Literature DB >> 33819804

Detection of bone marrow edema in osteonecrosis of the femoral head using virtual noncalcium dual-energy computed tomography.

Tianzi Zuo1, Yingmin Chen2, Hongming Zheng3, Xiuchuan Jia4, Yunfeng Bao5, Yuhang Wang6, Ling Li7, Xiaoying Huang8.   

Abstract

PURPOSE: To determine the diagnostic performance of virtual noncalcium (VNCa) dual-energy computed tomography (DECT) in the detection of bone marrow edema (BME) in participants with osteonecrosis of the femoral head (ONFH).
METHODS: In this prospective study, 24 consecutive participants (15 men, 9 women; mean age, 44 years, range, 21-72 years) diagnosed with ONFH who underwent DECT and magnetic resonance imaging (MRI) between September 2019 and January 2020 were involved. Two independent readers visually evaluated color-coded VNCa images using a binary classification (0 = normal bone marrow, 1 = BME). MRI served as the reference standard for the presence of BME. Interobserver agreement for the visual evaluation of VNCa DECT images was calculated with κ statistics. We determined computed tomography (CT) numbers on VNCa images and weighted-average CT sets using region-of-interest-based quantitative analysis. The t-test was used to compare the differences of CT values between BME areas and normal bone marrow areas.

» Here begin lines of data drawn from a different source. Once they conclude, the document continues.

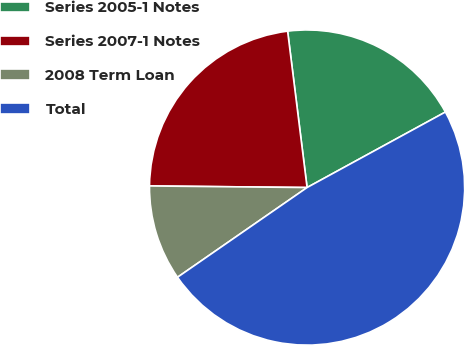Convert chart to OTSL. <chart><loc_0><loc_0><loc_500><loc_500><pie_chart><fcel>Series 2005-1 Notes<fcel>Series 2007-1 Notes<fcel>2008 Term Loan<fcel>Total<nl><fcel>19.02%<fcel>22.87%<fcel>9.8%<fcel>48.32%<nl></chart> 
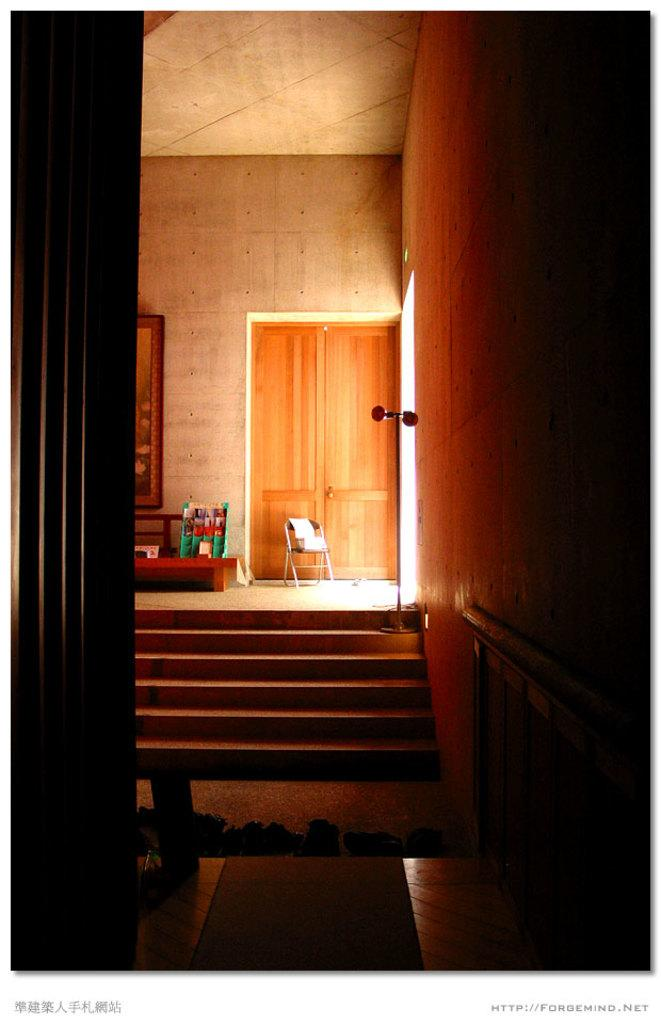What type of structure is present in the image? There is a staircase in the image. What feature is present alongside the staircase? There is a railing in the image. What material is visible in the image? There is glass in the image. What type of entrance is shown in the image? There is a door in the image. What decorative item can be seen in the image? There is a wall hanging in the image. What type of furniture is on the floor in the image? There is a chair on the floor in the image. What type of test is being conducted in the image? There is no test or any indication of a test being conducted in the image. Is the person in the image driving a vehicle? There is no person or vehicle present in the image. 
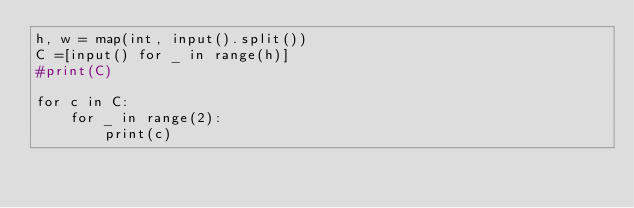Convert code to text. <code><loc_0><loc_0><loc_500><loc_500><_Python_>h, w = map(int, input().split())
C =[input() for _ in range(h)]
#print(C)

for c in C:
    for _ in range(2):
        print(c)</code> 
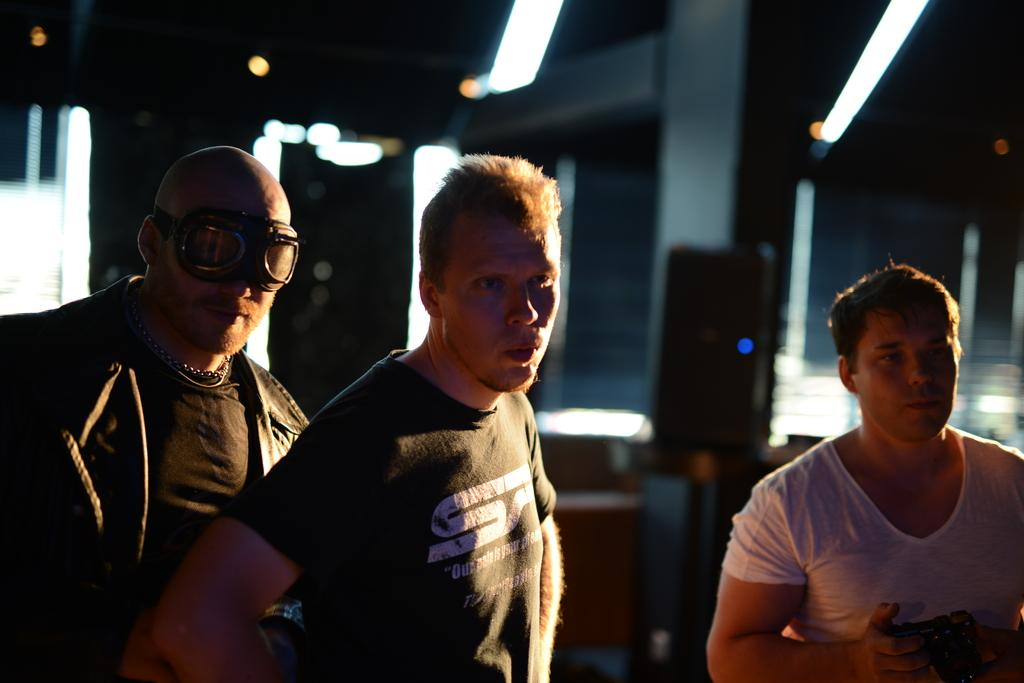How many people are in the image? There are three persons in the image. What is one of the persons doing in the image? One of the persons is holding a camera. Can you describe the background of the image? The background of the image is blurred. What type of game is being played in the image? There is no game being played in the image; it features three persons, one of whom is holding a camera. What kind of paper is visible in the image? There is no paper present in the image.

Receiver operating characteristic (ROC) curve was used to select an optimal CT values of VNCa images for detecting BME. A p value of <0.05 was considered as statistically significant.
RESULTS: The sensitivity, specificity, and accuracy of Reader 1 and Reader 2, respectively, in the identification of BME at DECT were 95 % and 89 % (18 and 17 of 19), 96 % and 96 % (25 and 25 of 26), and 93 % (43 and 42 of 45). Interobserver agreement was excellent (κ = 0.86). The VNCa CT numbers of the BME area and the normal bone marrow area were -28.6 (-17.9--39.4) HU and -97.9 (-91.3--104.4) HU, respectively, with statistical significance (t = -10.6, p < 0.001). The weighted-average CT numbers of the BME area and the normal bone marrow area were 152.4(122.2-182.7) HU and 121.1(103.6-183.6) HU, respectively, with no statistical significance (t = -2.0, p > 0.05). The area under the receiver operating characteristic curve was 0.99 in differentiation of the BME from normal bone marrow. A cut-off value of -57.2 HU yielded overall sensitivity, specificity, and accuracy, respectively, of 95 % (18 of 19), 100 % (26 of 26), and 98 % (44 of 45) detection of BME in participants with ONFH.
CONCLUSION: Visual and quantitative analyses of VNCa images shows excellent diagnostic performance for assessing BME in participants with ONFH.
Copyright © 2021 Elsevier B.V. All rights reserved.

Entities:  

Keywords:  Bone marrow edema; Dual-energy CT; Magnetic resonance; Osteonecrosis of the femoral head; Virtual noncalcium

Year:  2021        PMID: 33819804     DOI: 10.1016/j.ejrad.2021.109681

Source DB:  PubMed          Journal:  Eur J Radiol        ISSN: 0720-048X            Impact factor:   3.528


  1 in total

1.  Clinical Application of Shock Wave in the Treatment of Avascular Necrosis of the Femoral Head in the Early and Middle Stages.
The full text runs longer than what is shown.